DATA TO USE>

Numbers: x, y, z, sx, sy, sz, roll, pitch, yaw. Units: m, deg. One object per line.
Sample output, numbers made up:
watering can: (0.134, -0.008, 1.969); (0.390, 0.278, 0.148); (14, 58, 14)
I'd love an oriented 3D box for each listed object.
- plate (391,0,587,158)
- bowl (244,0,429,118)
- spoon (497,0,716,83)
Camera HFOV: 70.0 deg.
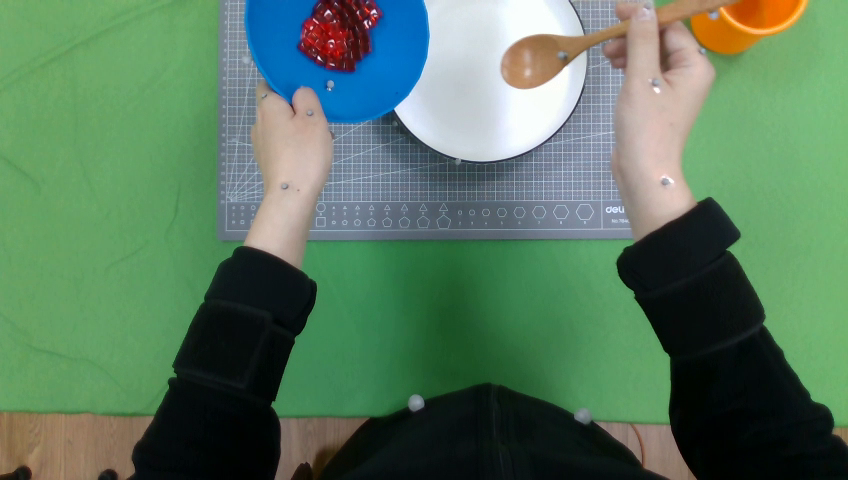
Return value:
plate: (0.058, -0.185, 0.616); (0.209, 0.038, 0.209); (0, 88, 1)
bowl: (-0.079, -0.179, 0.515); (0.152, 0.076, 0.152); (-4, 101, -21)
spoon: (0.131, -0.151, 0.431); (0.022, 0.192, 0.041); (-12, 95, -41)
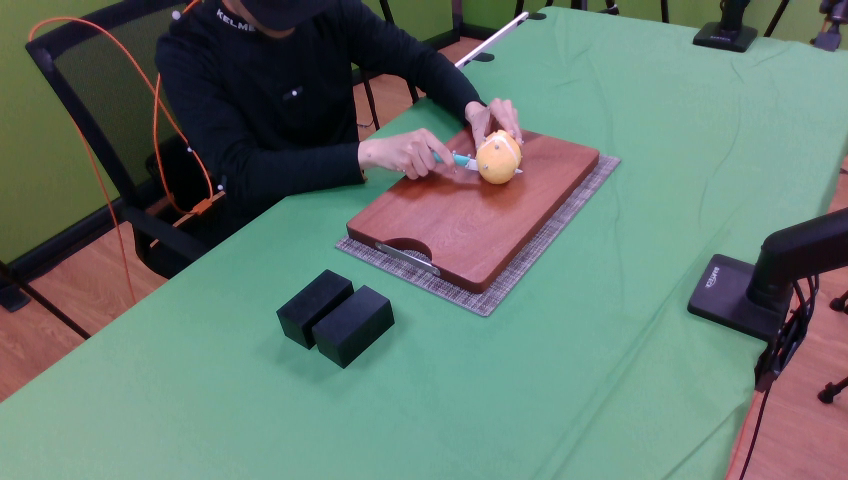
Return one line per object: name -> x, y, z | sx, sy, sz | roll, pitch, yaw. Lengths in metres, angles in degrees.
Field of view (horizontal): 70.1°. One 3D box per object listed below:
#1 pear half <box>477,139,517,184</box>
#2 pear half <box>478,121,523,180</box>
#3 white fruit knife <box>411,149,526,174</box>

TASK REQUIREMENTS> Word-for-word output of every record is needed, with images omitted.

TASK ANSWER>
Numbers: x, y, z, sx, sy, sz, roll, pitch, yaw. Units: m, deg. One object per line.
Sample output, numbers made up:
watering can: (0.134, -0.008, 1.969); (0.390, 0.278, 0.148); (14, 58, 14)
I'd love an oriented 3D box for each listed object.
- plate (391,0,587,158)
- bowl (244,0,429,118)
- spoon (497,0,716,83)
Camera HFOV: 70.0 deg.
Return value:
plate: (0.058, -0.185, 0.616); (0.209, 0.038, 0.209); (0, 88, 1)
bowl: (-0.079, -0.179, 0.515); (0.152, 0.076, 0.152); (-4, 101, -21)
spoon: (0.131, -0.151, 0.431); (0.022, 0.192, 0.041); (-12, 95, -41)
Return one line per object: name -> x, y, z | sx, sy, sz | roll, pitch, yaw. Lengths in metres, angles in degrees.
Field of view (horizontal): 70.1°. One 3D box per object listed below:
#1 pear half <box>477,139,517,184</box>
#2 pear half <box>478,121,523,180</box>
#3 white fruit knife <box>411,149,526,174</box>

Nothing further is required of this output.